Anyway, sorry it’s been a while since you’ve heard from me…unless you’re not, in which case, never mind. A new job, several conferences, blah, blah, blah. And now, back to business.

As I’d been ranting previously, best practices argue strongly for starting from a sound set of first principles with BPM – making sure everything’s working, fixing what’s not, trying to figure out what people are actually doing, those sorts of things. The goal is to reach a Nirvana-like state of continuous improvement, but before that can happen, some incredibly important first principles and best practices should be focused on the twin challenges of risk and security.

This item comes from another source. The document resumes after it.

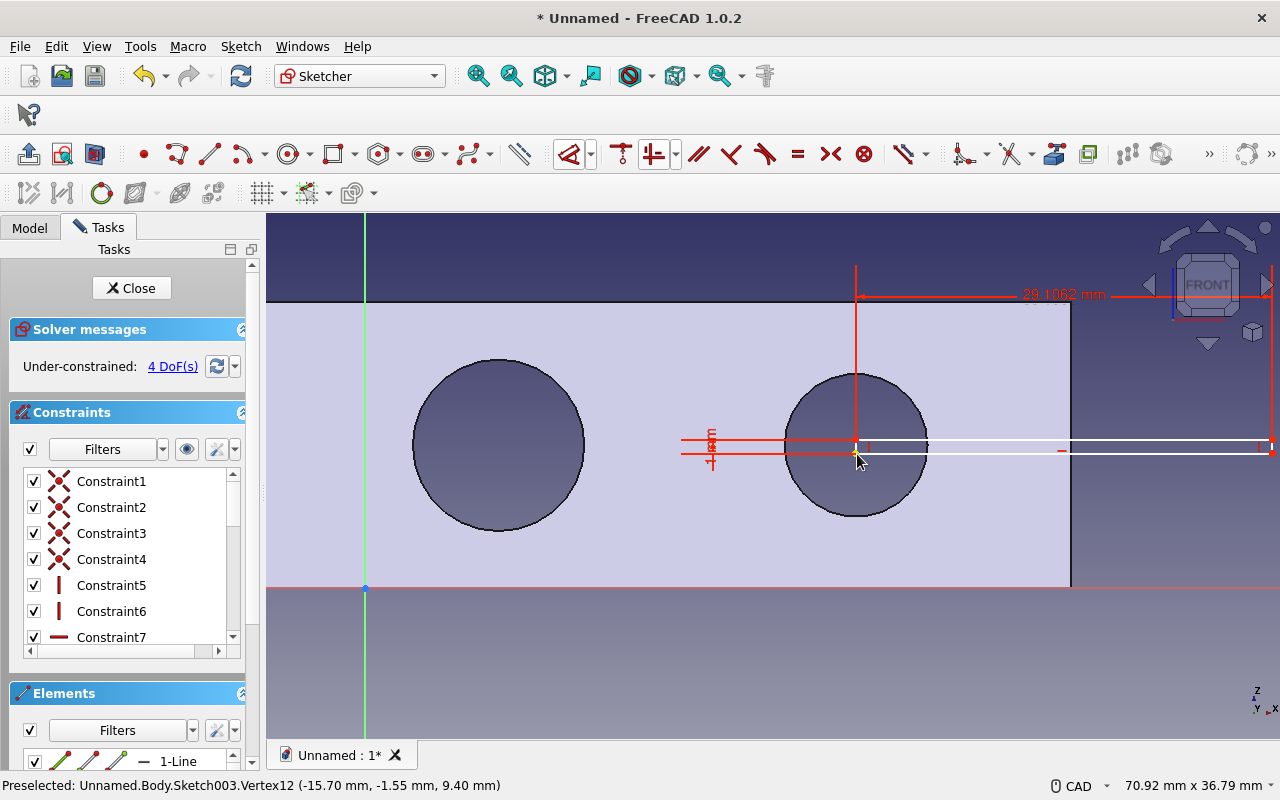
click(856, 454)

(At many enterprises I’ve seen, these are taken together with issues related to regulatory compliance, forging what I have called and heard called the “three-headed monster? of compliance, governance, and risk (CGR) management. However, as many of you likely work at enterprises where compliance and governance are not (yet) as immediately pressing as risk and security management, so I will focus here on those two issues.)

It used to be that where IT and, to some extent, business security were concerned, the primary goal was to “keep the bad guys out.? Today, the most consistently bedeviling security challenges are from internal users, many of them authorized and legitimate. Many a virus has been introduced into a company by a legit user bringing in something they got from one of their kids, who got it at school or from YouTube or Facebook – something that turns out to be a carrier of a virus or some other malware.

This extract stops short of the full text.